Friday, March 9, 2007

Haskell hacking notes or Prelude to the chat server

I picked up a couple of haskell programming practices this week. They saved me a bit of time, perhaps someone else will find them useful.

Avoid where. Where is handy, it's nice for short simple declarations. Don't use it for multiple functions, or functions with pattern match. This is of course guideline, do whatever you want, but i had several huge where blocks, and I paid a price for that. In general, I'm going to keep where blocks short and sweet.

Write the type declaration first. Perhaps type in a trivial version, load it, then cut and paste the type out of GHCI. Several times, I could have saved myself hours by figuring out the type up front.

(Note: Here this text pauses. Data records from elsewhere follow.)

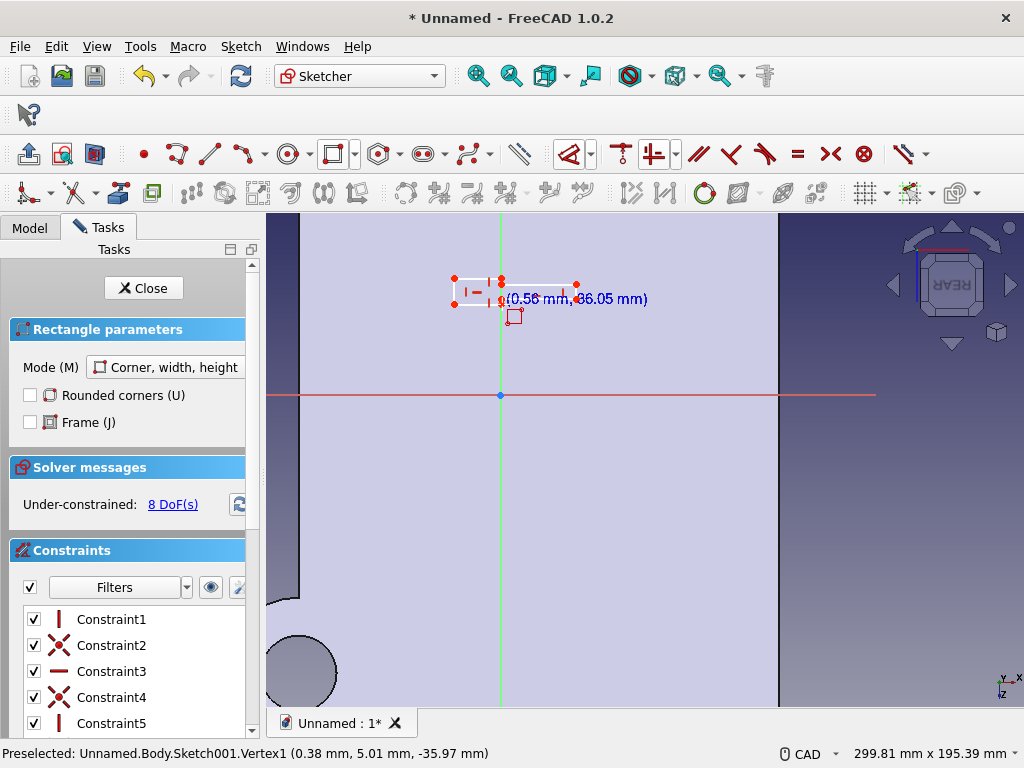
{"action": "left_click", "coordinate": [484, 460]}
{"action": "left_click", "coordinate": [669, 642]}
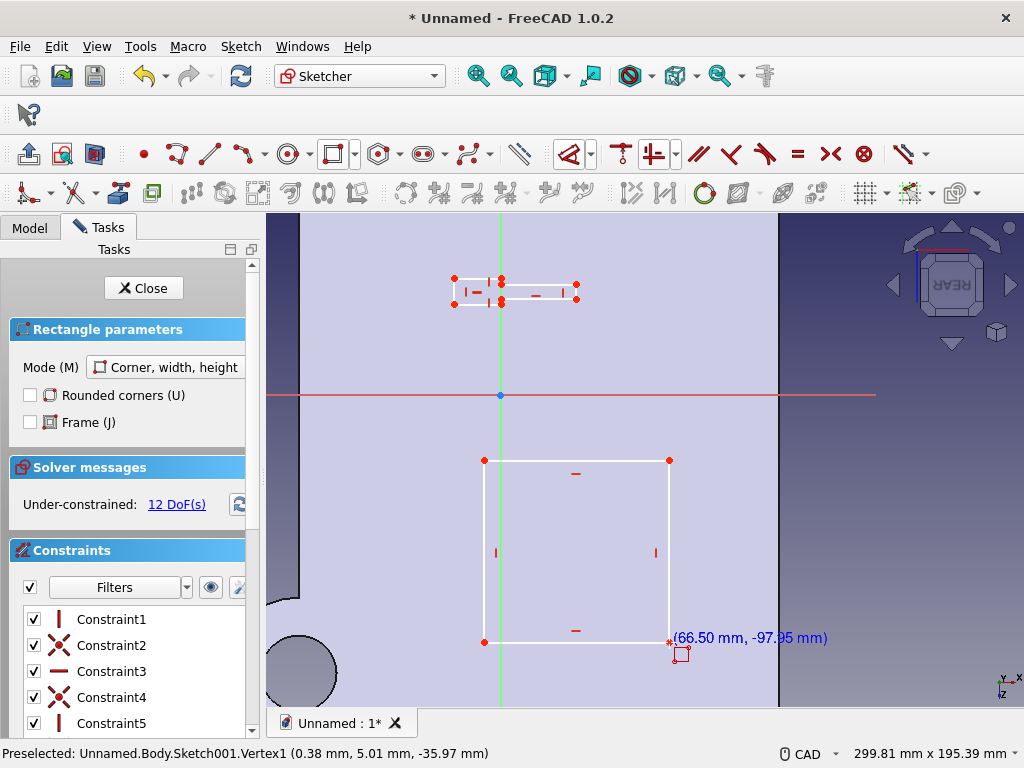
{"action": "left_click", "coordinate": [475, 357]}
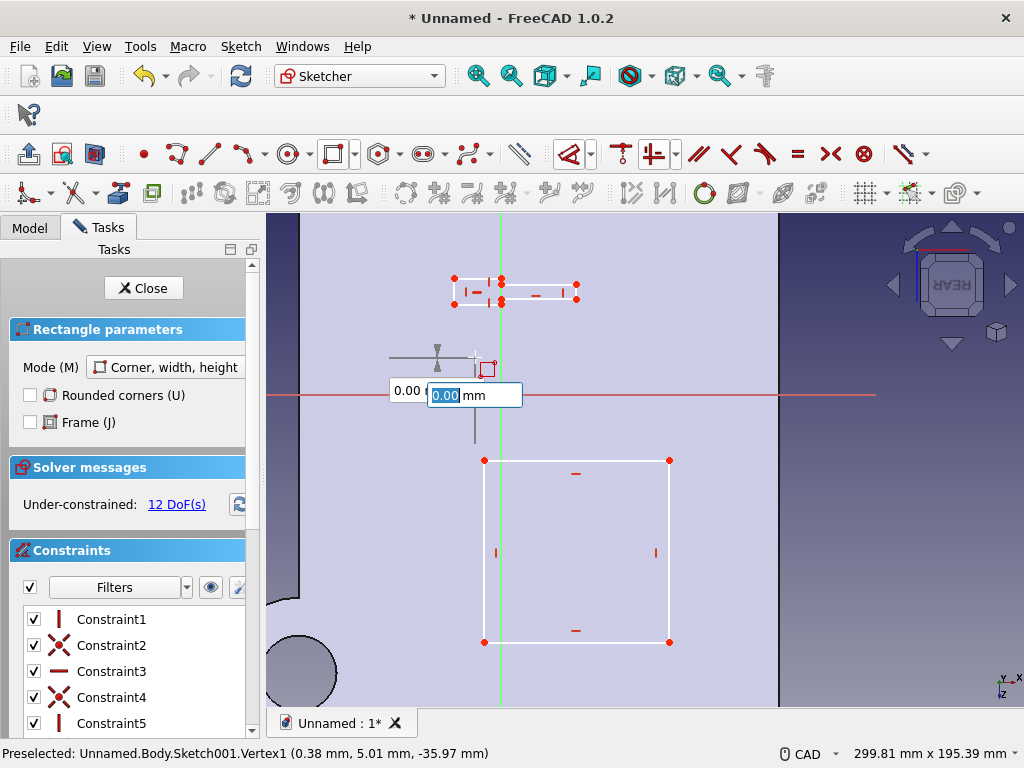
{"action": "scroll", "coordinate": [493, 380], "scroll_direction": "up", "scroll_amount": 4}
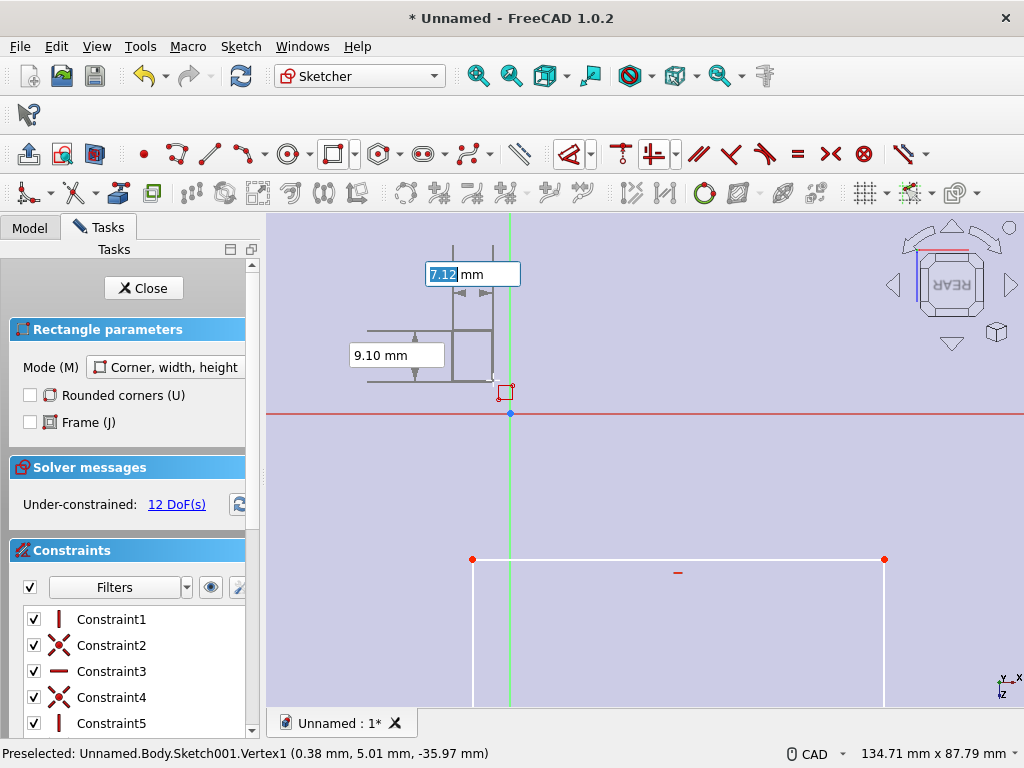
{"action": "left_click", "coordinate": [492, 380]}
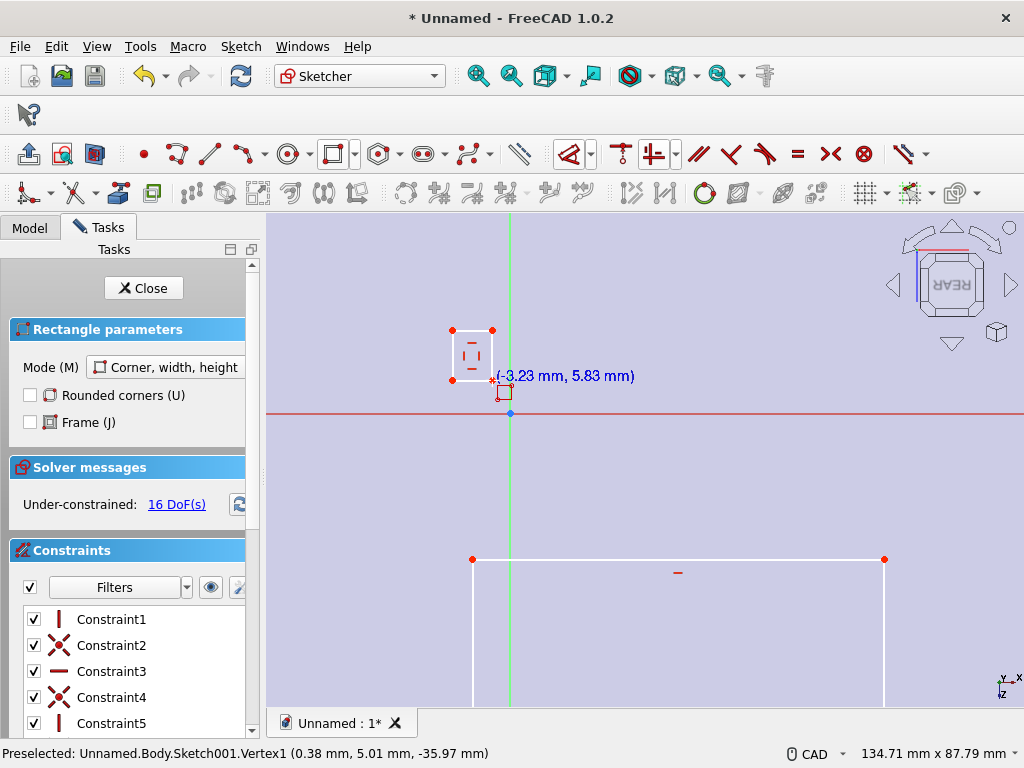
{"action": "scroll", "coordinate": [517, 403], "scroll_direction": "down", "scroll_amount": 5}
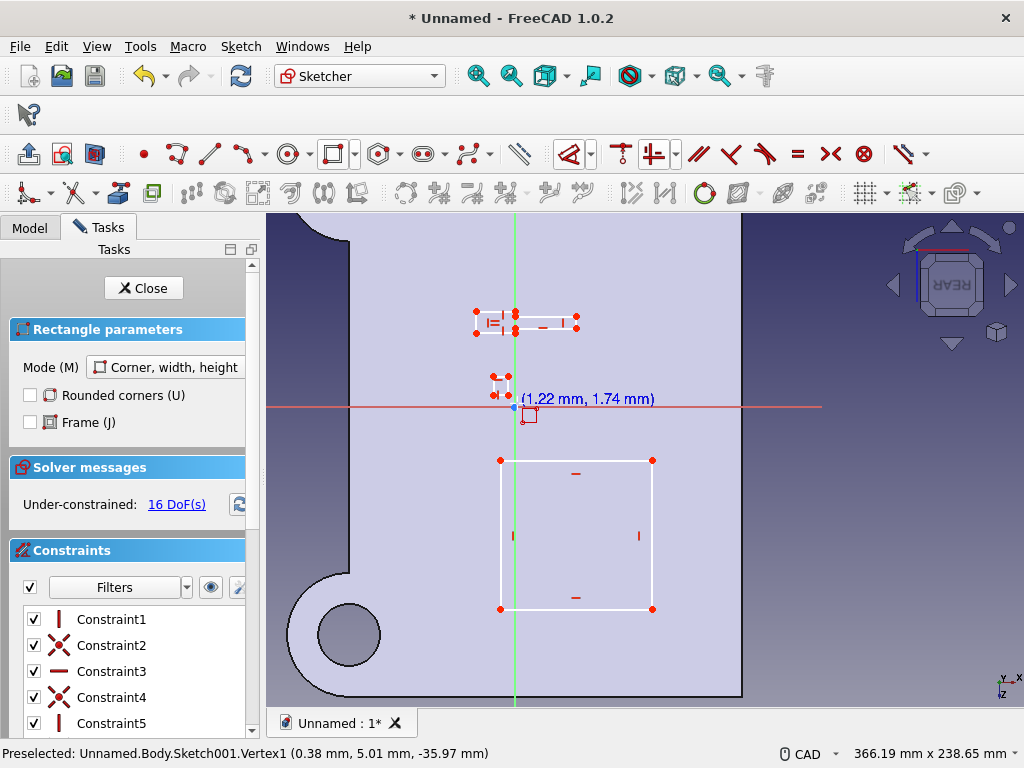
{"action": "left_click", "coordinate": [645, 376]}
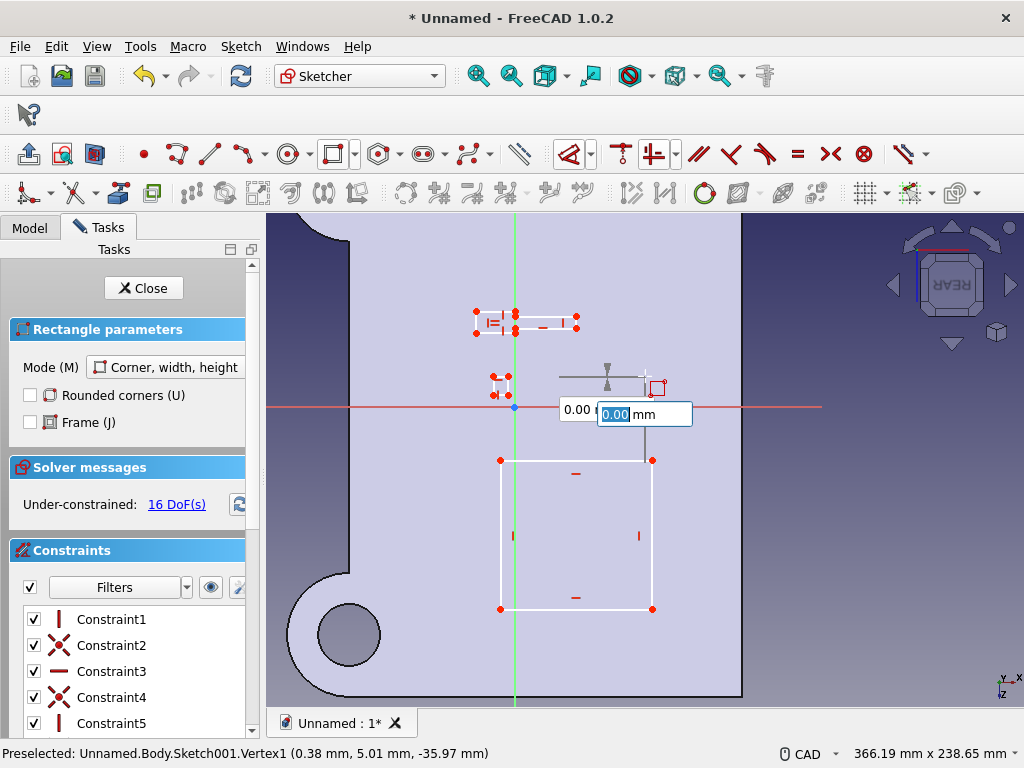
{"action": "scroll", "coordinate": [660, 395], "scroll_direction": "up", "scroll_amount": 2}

Anyway, that was the good stuff, the rest is just rambling. I'm the fire-aim-fire-aim kind of programmer. I do something, then test. Haskell is great for my style of small incremental changes style of programming. Get a simple program working, then you keep it working by replacing hard coded values with functions. as long as it compiles you're in good shape. This last week i've come up with surprisingly long strings of code that typecheck, and run right off the bat. It's always satisfying to see progress.

There were two fundamental problems holding me back this week. First, I don't think the documentation for thread communication is very good. To be fair, there is good documentation available, but the easy to find stuff isn't the best. When you don't know anything, it's hard to evaluate the quality of documentation. My plan is to write about transforming the threaded server, developed earlier, into a chat server.

The second thing that held me back was my shaky grasp of monads. i was constructing a type like IO(STM (TVar [a])). I should have been constructing a type like IO (TVar [a]). I didn't really understand I was carrying around an unnecessary layer of computation. It's still non-obvious (to me) how to carry around those types, but I'm getting there.